• _What to work on_
Every line of the listing below is to be repeated exactly; the pictures stay out.

[[ Recorded information, beginning ]]

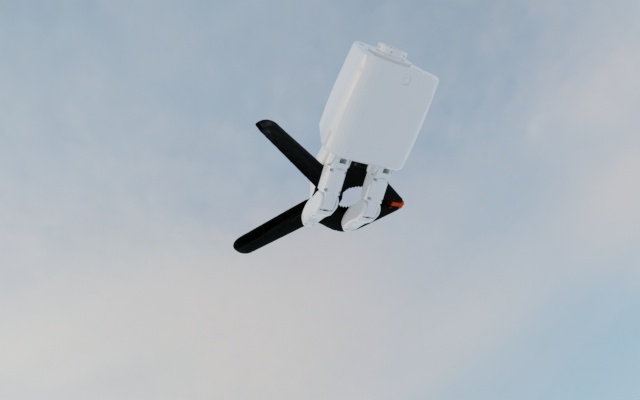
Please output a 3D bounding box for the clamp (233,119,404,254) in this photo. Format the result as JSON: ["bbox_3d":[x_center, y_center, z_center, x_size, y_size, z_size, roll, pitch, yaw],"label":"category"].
[{"bbox_3d":[0.000,0.001,0.573,0.210,0.165,0.036,10,25,-26],"label":"clamp"}]
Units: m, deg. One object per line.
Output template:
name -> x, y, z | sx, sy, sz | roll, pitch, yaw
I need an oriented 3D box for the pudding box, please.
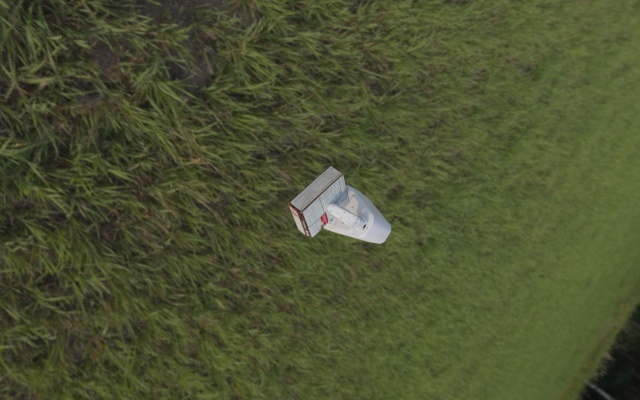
pudding box -> 0.000, 0.003, 0.882 | 0.039, 0.113, 0.090 | 33, -23, 32
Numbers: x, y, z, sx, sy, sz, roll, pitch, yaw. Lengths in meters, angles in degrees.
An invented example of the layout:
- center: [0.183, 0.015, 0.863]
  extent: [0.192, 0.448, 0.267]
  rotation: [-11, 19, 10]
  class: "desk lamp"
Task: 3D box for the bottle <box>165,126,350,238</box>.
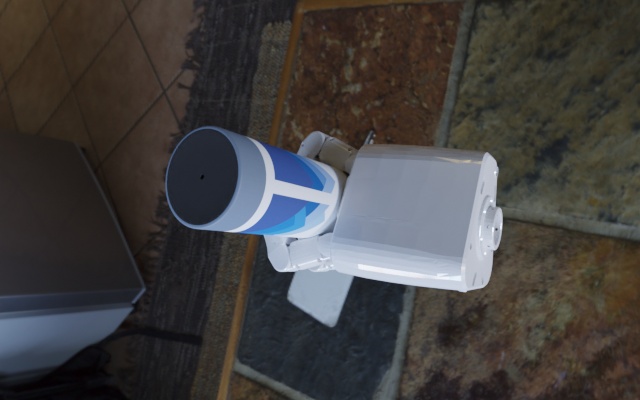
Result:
- center: [0.000, 0.001, 0.426]
  extent: [0.069, 0.069, 0.296]
  rotation: [0, -6, 31]
  class: "bottle"
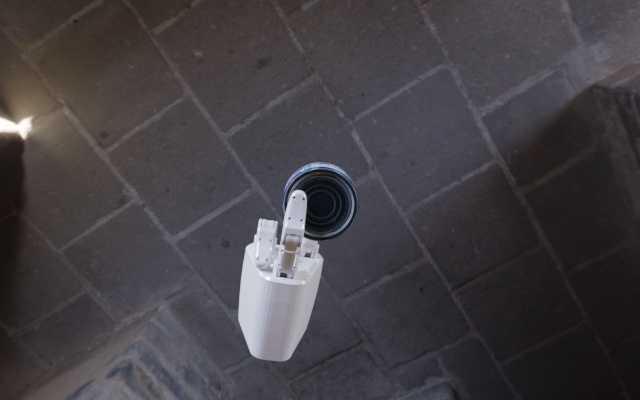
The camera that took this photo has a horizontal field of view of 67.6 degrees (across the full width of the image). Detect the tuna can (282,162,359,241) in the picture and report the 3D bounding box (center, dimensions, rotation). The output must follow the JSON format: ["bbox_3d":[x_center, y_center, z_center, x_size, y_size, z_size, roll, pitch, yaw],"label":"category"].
[{"bbox_3d":[0.000,0.002,0.536,0.086,0.086,0.033,0,12,-1],"label":"tuna can"}]
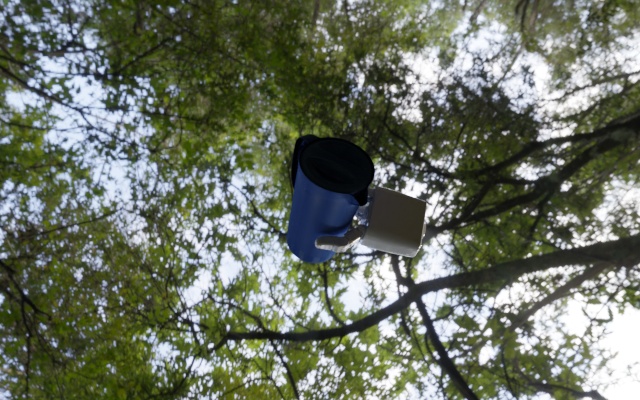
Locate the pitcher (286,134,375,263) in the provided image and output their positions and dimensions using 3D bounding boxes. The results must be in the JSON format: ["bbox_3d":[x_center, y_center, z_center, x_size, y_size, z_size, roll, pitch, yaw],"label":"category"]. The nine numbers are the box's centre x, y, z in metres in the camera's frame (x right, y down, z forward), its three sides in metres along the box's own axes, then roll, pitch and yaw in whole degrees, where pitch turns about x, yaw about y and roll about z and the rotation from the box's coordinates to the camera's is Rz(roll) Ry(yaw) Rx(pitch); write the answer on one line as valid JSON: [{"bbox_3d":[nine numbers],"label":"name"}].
[{"bbox_3d":[0.000,0.003,0.897,0.145,0.149,0.243,14,-42,-4],"label":"pitcher"}]
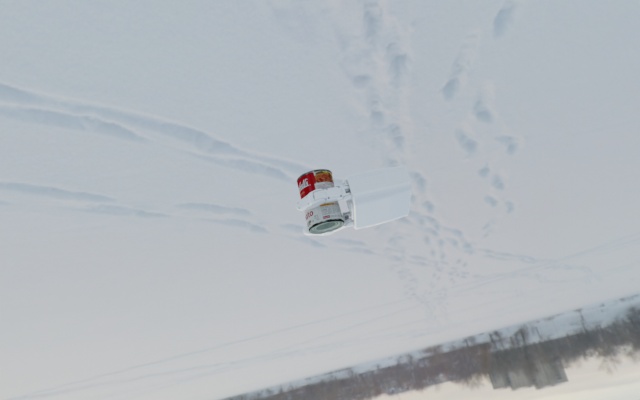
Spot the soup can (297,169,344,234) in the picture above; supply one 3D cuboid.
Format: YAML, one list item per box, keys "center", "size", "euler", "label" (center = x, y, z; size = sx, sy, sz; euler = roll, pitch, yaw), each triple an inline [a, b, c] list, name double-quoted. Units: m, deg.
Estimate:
- center: [0.000, 0.003, 0.873]
  size: [0.068, 0.102, 0.068]
  euler: [-12, -20, -4]
  label: "soup can"
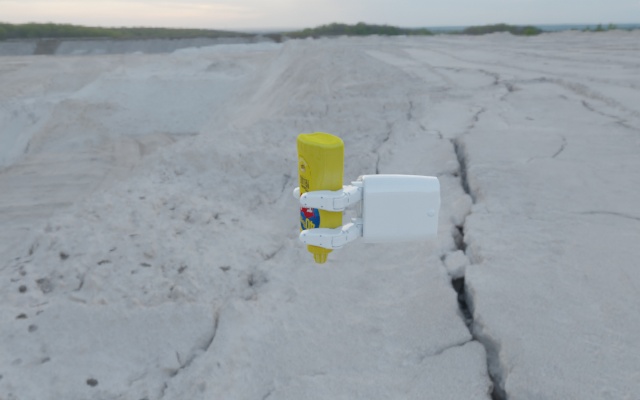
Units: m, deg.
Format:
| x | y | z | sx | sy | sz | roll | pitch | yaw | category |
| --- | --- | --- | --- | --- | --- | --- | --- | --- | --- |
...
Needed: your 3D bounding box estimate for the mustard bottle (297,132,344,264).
| x | y | z | sx | sy | sz | roll | pitch | yaw | category |
| --- | --- | --- | --- | --- | --- | --- | --- | --- | --- |
| 0.000 | 0.002 | 0.696 | 0.058 | 0.192 | 0.096 | -9 | 21 | -23 | mustard bottle |

[[ Recorded information, end ]]

• _Result_
Please output a 3D bounding box for the clamp (233,119,404,254) in this photo. Format the result as JSON: ["bbox_3d":[x_center, y_center, z_center, x_size, y_size, z_size, roll, pitch, yaw],"label":"category"].
[{"bbox_3d":[0.000,0.001,0.573,0.210,0.165,0.036,10,25,-26],"label":"clamp"}]
Units: m, deg. One object per line.
Output template:
name -> x, y, z | sx, sy, sz | roll, pitch, yaw
I need an oriented 3D box for the pudding box, please.
pudding box -> 0.000, 0.003, 0.882 | 0.039, 0.113, 0.090 | 33, -23, 32
Numbers: x, y, z, sx, sy, sz, roll, pitch, yaw. Lengths in meters, angles in degrees.
An invented example of the layout:
- center: [0.183, 0.015, 0.863]
  extent: [0.192, 0.448, 0.267]
  rotation: [-11, 19, 10]
  class: "desk lamp"
Task: 3D box for the bottle <box>165,126,350,238</box>.
Result:
- center: [0.000, 0.001, 0.426]
  extent: [0.069, 0.069, 0.296]
  rotation: [0, -6, 31]
  class: "bottle"
The camera that took this photo has a horizontal field of view of 67.6 degrees (across the full width of the image). Detect the tuna can (282,162,359,241) in the picture and report the 3D bounding box (center, dimensions, rotation). The output must follow the JSON format: ["bbox_3d":[x_center, y_center, z_center, x_size, y_size, z_size, roll, pitch, yaw],"label":"category"].
[{"bbox_3d":[0.000,0.002,0.536,0.086,0.086,0.033,0,12,-1],"label":"tuna can"}]
Locate the pitcher (286,134,375,263) in the provided image and output their positions and dimensions using 3D bounding boxes. The results must be in the JSON format: ["bbox_3d":[x_center, y_center, z_center, x_size, y_size, z_size, roll, pitch, yaw],"label":"category"]. The nine numbers are the box's centre x, y, z in metres in the camera's frame (x right, y down, z forward), its three sides in metres along the box's own axes, then roll, pitch and yaw in whole degrees, where pitch turns about x, yaw about y and roll about z and the rotation from the box's coordinates to the camera's is Rz(roll) Ry(yaw) Rx(pitch); write the answer on one line as valid JSON: [{"bbox_3d":[nine numbers],"label":"name"}].
[{"bbox_3d":[0.000,0.003,0.897,0.145,0.149,0.243,14,-42,-4],"label":"pitcher"}]
Spot the soup can (297,169,344,234) in the picture above; supply one 3D cuboid.
Format: YAML, one list item per box, keys "center", "size", "euler", "label" (center = x, y, z; size = sx, sy, sz; euler = roll, pitch, yaw), each triple an inline [a, b, c] list, name double-quoted. Units: m, deg.
Estimate:
- center: [0.000, 0.003, 0.873]
  size: [0.068, 0.102, 0.068]
  euler: [-12, -20, -4]
  label: "soup can"
Units: m, deg.
Format:
| x | y | z | sx | sy | sz | roll | pitch | yaw | category |
| --- | --- | --- | --- | --- | --- | --- | --- | --- | --- |
...
Needed: your 3D bounding box estimate for the mustard bottle (297,132,344,264).
| x | y | z | sx | sy | sz | roll | pitch | yaw | category |
| --- | --- | --- | --- | --- | --- | --- | --- | --- | --- |
| 0.000 | 0.002 | 0.696 | 0.058 | 0.192 | 0.096 | -9 | 21 | -23 | mustard bottle |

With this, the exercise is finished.